Normalized ATAC-seq data — ATAC_NORM_DATA • MotrpacRatTraining6moData

Normalized sample-level ATAC-seq (ATAC) data used for visualization and differential analysis

Format

A data frame with peaks in rows (feature_ID) and samples in columns (viallabel)

Source

pass1b-06/analysis/epigenomics/epigen-atac-seq/normalized-data/*quant-norm*

Details

Unfiltered ATAC sample-level data are only available via download from Google Cloud Storage. For example, https://storage.googleapis.com/motrpac-rat-training-6mo-extdata/epigen-rda/ATAC_BAT_NORM_DATA.rda is the file for brown adipose tissue (BAT) data. You can change the name of the file to specify other tissues including: HEART, HIPPOC, KIDNEY, LIVER, LUNG, SKMGN (gastrocnemius skeletal muscle), and WATSC (subcutaneous white adipose tissue). You can also use MotrpacRatTraining6mo::load_sample_data() or MotrpacRatTraining6mo::get_rdata_from_url() to download raw and normalized sample-level data for ATAC and METHYL. For more details about these files see the readme of this repository at https://github.com/MoTrPAC/MotrpacRatTraining6mo/blob/main/README.md.

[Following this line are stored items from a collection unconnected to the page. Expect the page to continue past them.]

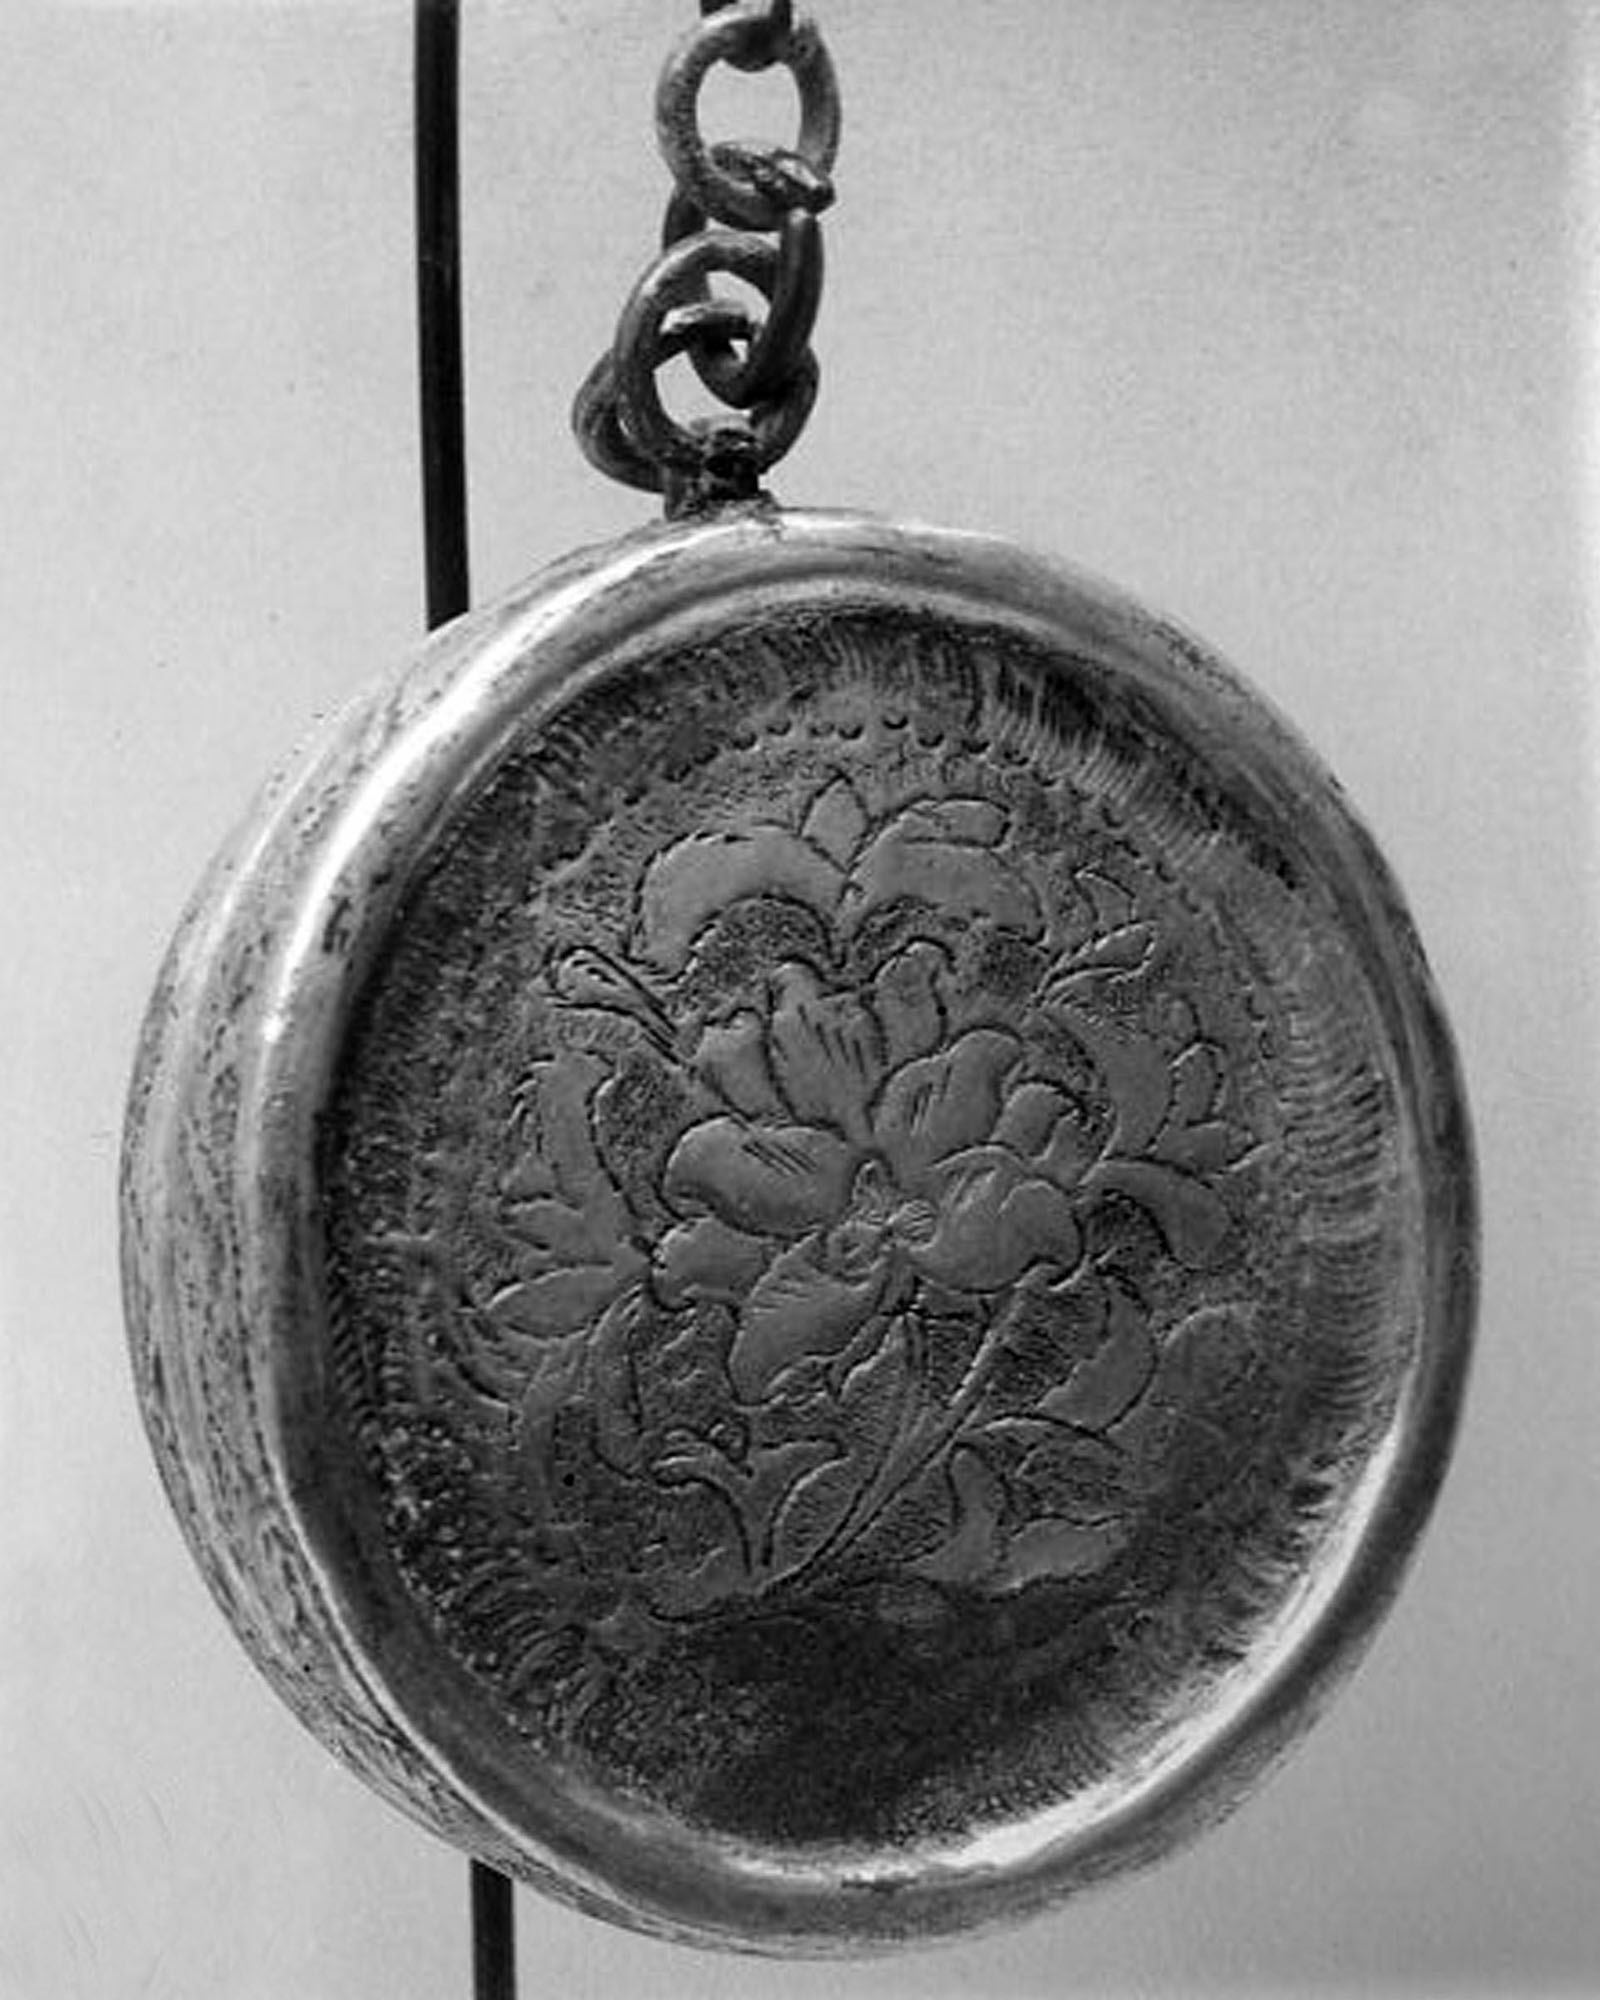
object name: box with chain
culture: chinese
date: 1201-1400
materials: bronze
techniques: gilding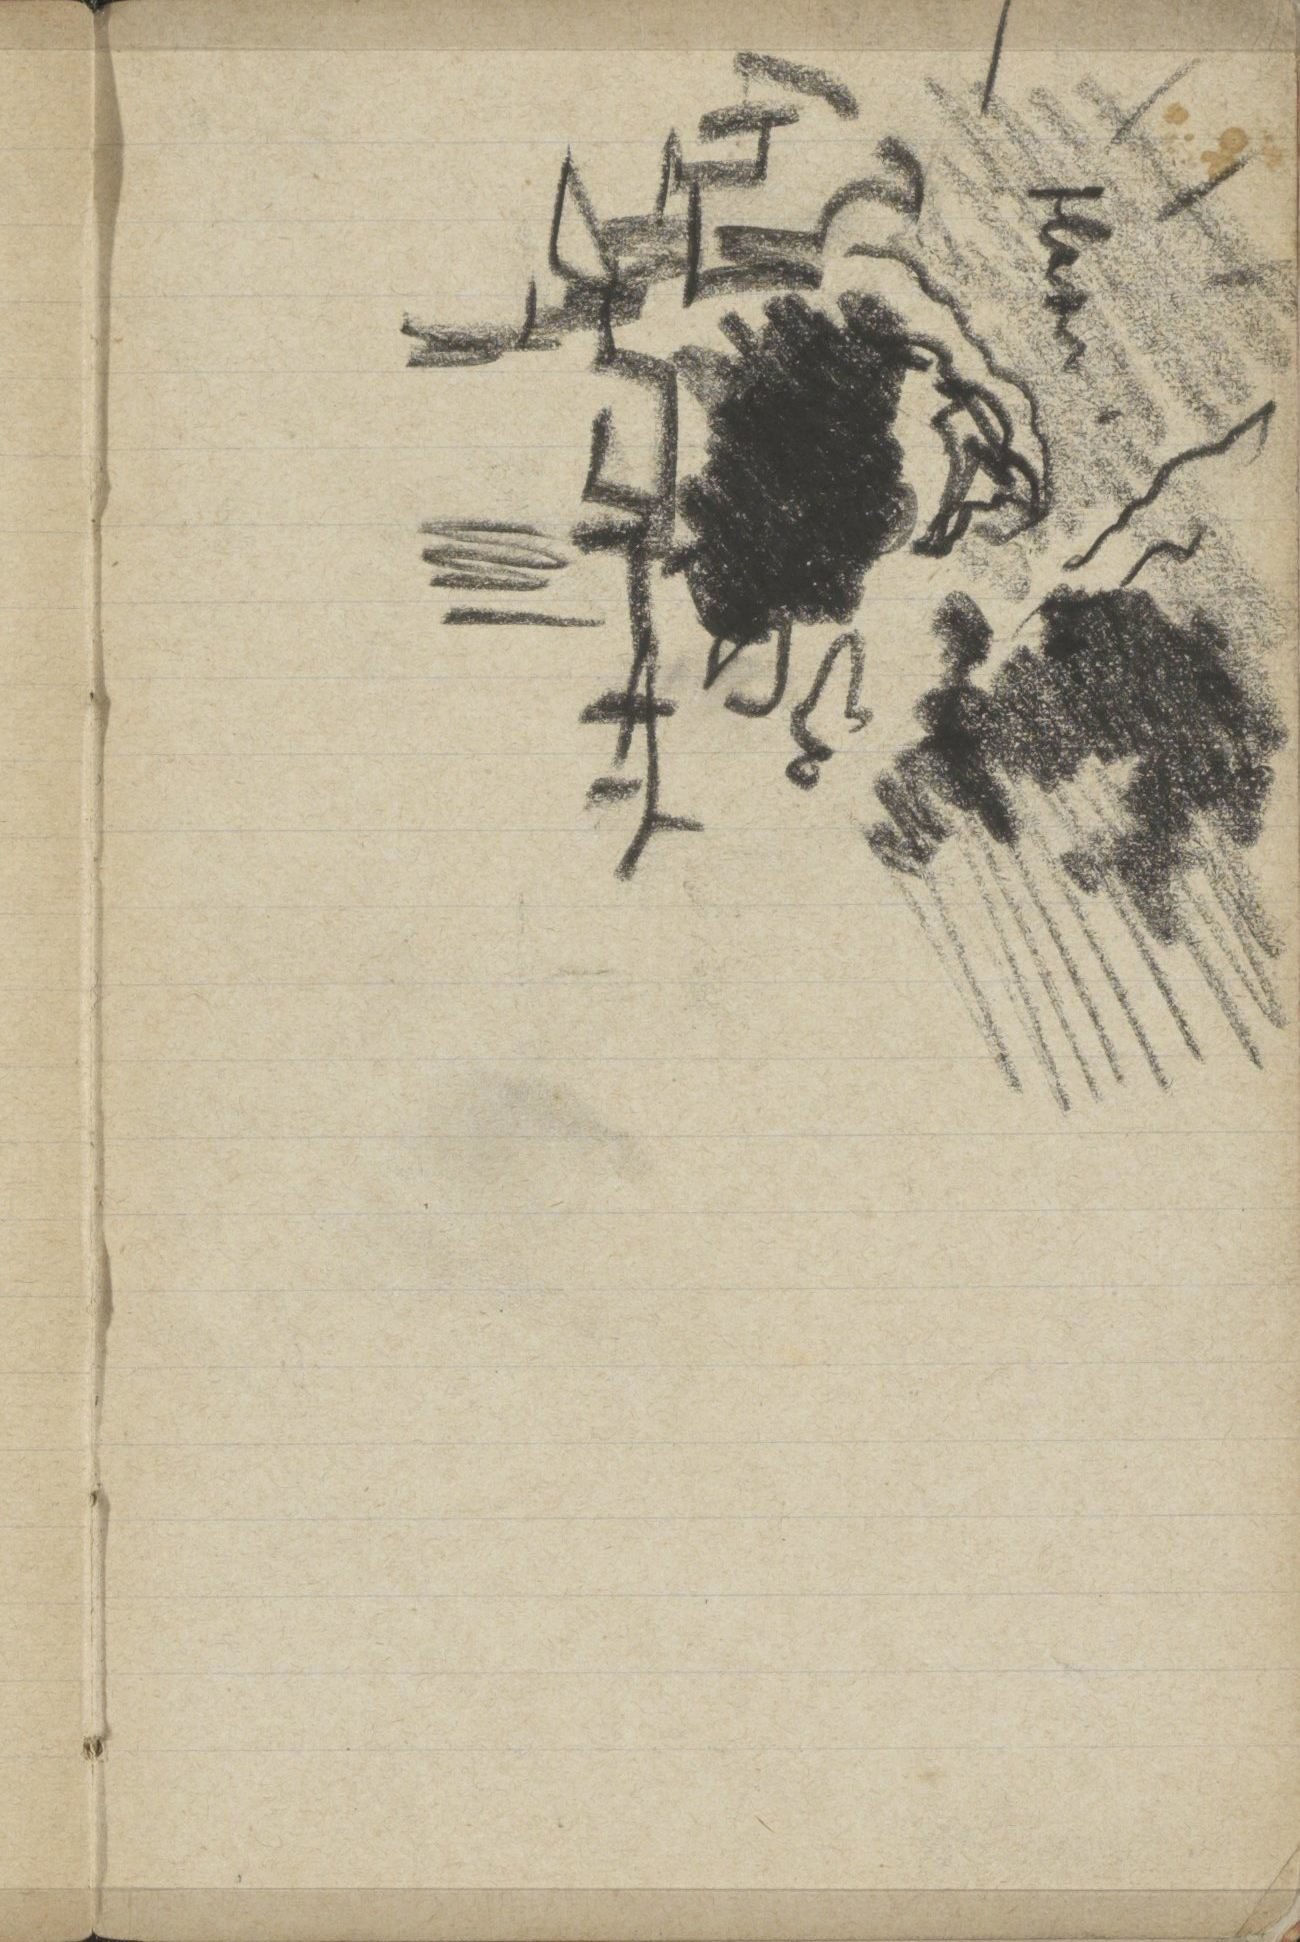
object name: sketchbook leaf
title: Wolkenlucht
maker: george hendrik breitner
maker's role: draughtsman, painter, print maker
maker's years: 1857-1923
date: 1886-1903
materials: chalk
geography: amsterdam
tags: clouds, civic architecture; edifices; dwellings, amsterdam
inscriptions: kleurnotitie, handgeschreven
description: Pagina 74 uit een schetsboek met 41 bladen.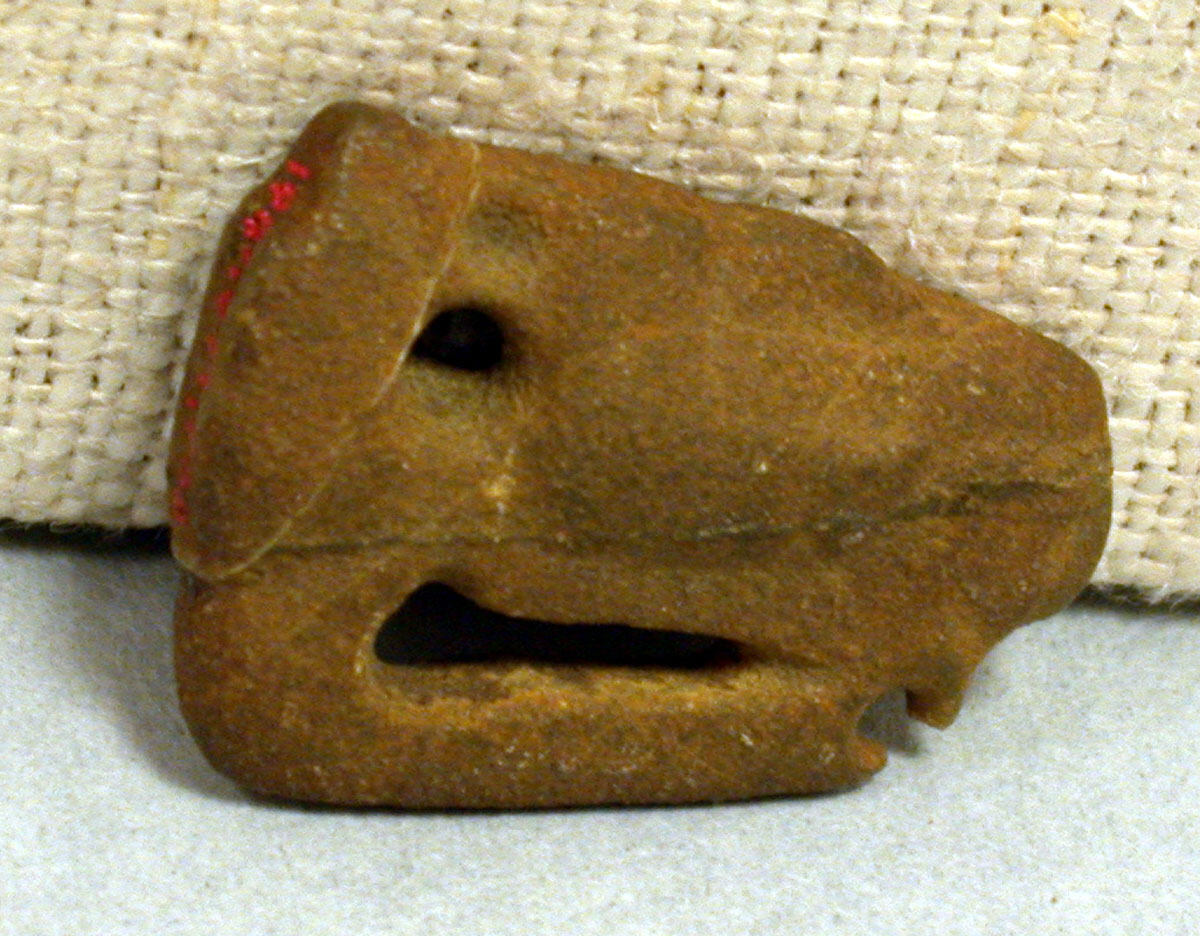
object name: pendant
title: Stone Animal Pendant
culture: costa rican
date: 801-1500
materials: stone
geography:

Data was processed with the ENCODE ATAC-seq pipeline (v1.7.0). Samples from a single sex and training time point, e.g., males trained for 2 weeks, were analyzed together as biological replicates in a single workflow. Briefly, adapters were trimmed with cutadapt v2.5 (Martin, 2011) and aligned to release 96 of the Ensembl Rattus norvegicus (rn6) genome (Dobin et al., 2013) with Bowtie 2 v2.3.4.3 (Langmead and Salzberg, 2012). Duplicate reads and reads mapping to the mitochondrial chromosome were removed. Signal files and peak calls were generated using MACS2 v2.2.4 (Gaspar, 2018), both from reads from each sample and pooled reads from all biological replicates. Pooled peaks were compared with the peaks called for each replicate individually using Irreproducibility Discovery Rate (Li et al., 2011) and thresholded to generate an optimal set of peaks.

The cloud implementation of the ENCODE ATAC-seq pipeline and source code for the post-processing steps are available at https://github.com/MoTrPAC/motrpac-atac-seq-pipeline. Optimal peaks (overlap.optimal_peak.narrowPeak.bed.gz) from all workflows were concatenated, trimmed to 200 base pairs around the summit, and sorted and merged with bedtools v2.29.0 (Quinlan and Hall, 2010) to generate a master peak list. This peak list was intersected with the filtered alignments from each sample using bedtools coverage with options -nonamecheck and -counts to generate a peak by sample matrix of raw counts.

The remaining steps were applied separately on raw counts from each tissue. Peaks from non-autosomal chromosomes were removed, as well as peaks that did not have at least 10 read counts in four samples. Filtered raw counts were then quantile-normalized with limma-voom (Law et al., 2014).

For the subset of normalized data corresponding to training-regulated features at 5% IHW FDR, see ATAC_NORM_DATA_05FDR.